Gaze-informed multimodal interaction

Abstract

Observe at a person pointing out and describing something. Where is that person looking? Chances are good that this person also looks at what she is talking about and pointing at. Gaze is naturally coordinated with our speech and hand movements. By utilizing this tendency, we can create a natural interaction with computing devices and environments. In this chapter, we will first briefly discuss some basic properties of the gaze signal we can get from eye trackers, followed by a review of a multimodal system utilizing the gaze signal as one input modality. In Multimodal Gaze Interaction, data from eye trackers is used as an active input mode where for instance gaze is used as an alternative, or complimentary, pointing modality along with other input modalities. Using gaze as an active or explicit input method is challenging for several reasons. One of them being that eyes are primarily used for perceiving our environment, so knowing when a person selects an item with gaze versus just looking around is an issue. Researchers have tried to solve this by combining gaze with various input methods, such as manual pointing, speech, touch, etc.
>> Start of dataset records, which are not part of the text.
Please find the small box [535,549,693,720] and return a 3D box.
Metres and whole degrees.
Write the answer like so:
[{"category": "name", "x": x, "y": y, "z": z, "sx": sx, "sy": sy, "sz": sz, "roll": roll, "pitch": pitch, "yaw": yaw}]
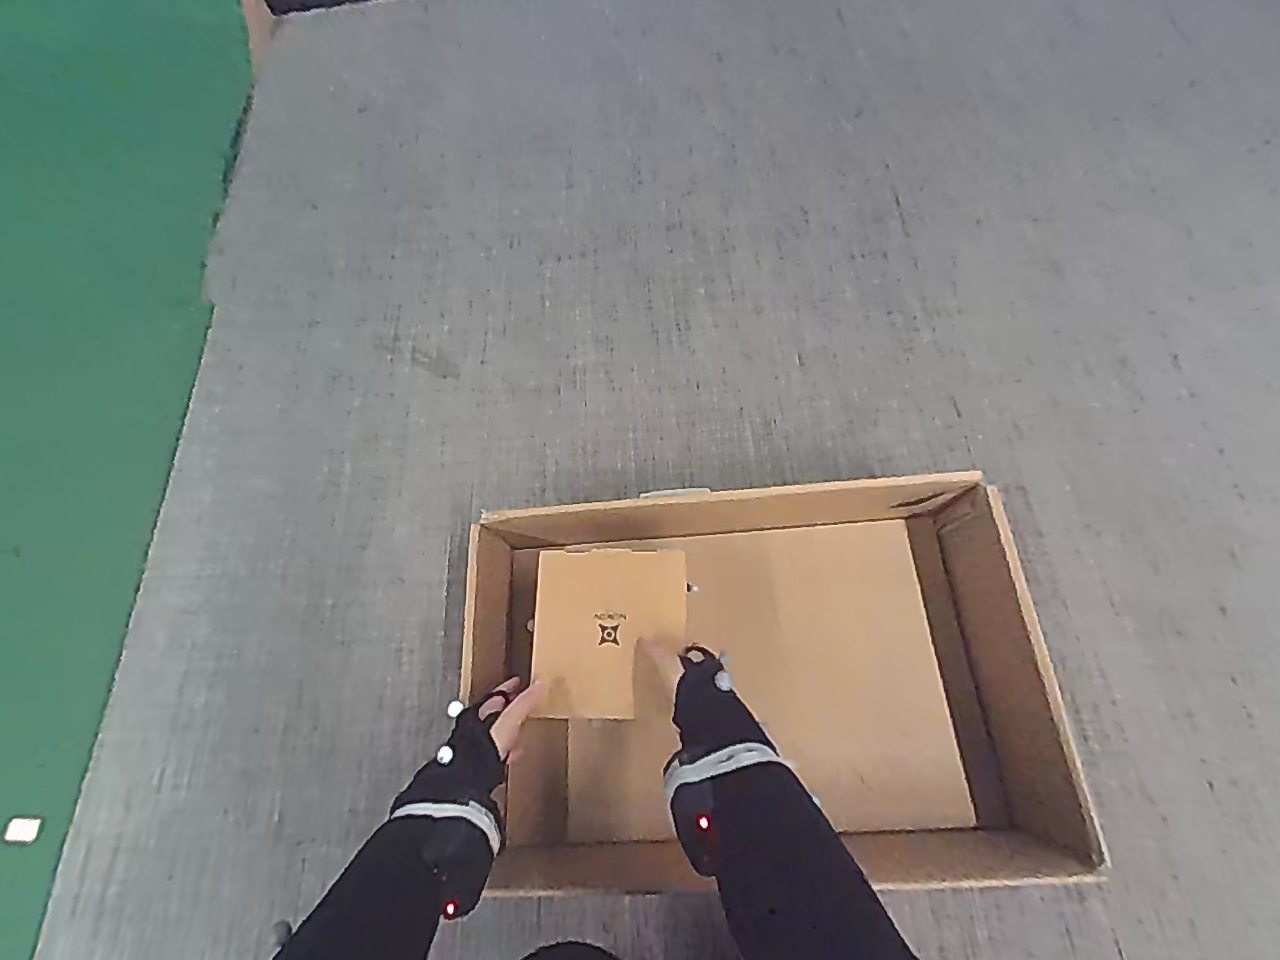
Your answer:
[{"category": "small box", "x": -0.021, "y": 0.185, "z": 0.652, "sx": 0.168, "sy": 0.176, "sz": 0.179, "roll": -2, "pitch": 71, "yaw": 5}]

However, gaze information can also be used in interactive systems, for other purposes than explicit pointing since a user’s gaze is a good indication of the user’s attention. In passive gaze interaction, the gaze is not used as the primary input method, but as a supporting input method. In these kinds of systems, gaze is mainly used for inferring and reasoning about the user’s cognitive state or activities in a way that can support the interaction. These kinds of multimodal systems often combine gaze with a multitude of input modalities.

In this chapter we focus on interactive systems, exploring the design space for gaze-informed multimodal interaction spanning from gaze as active input mode to passive and if the usage scenario is stationary (at e.g. a desk) or mobile. There are a number of studies aimed at describing, detecting or modeling specific behaviors or cognitive states. We will touch on some of these works since they can guide us in how to build gaze-informed multimodal interaction.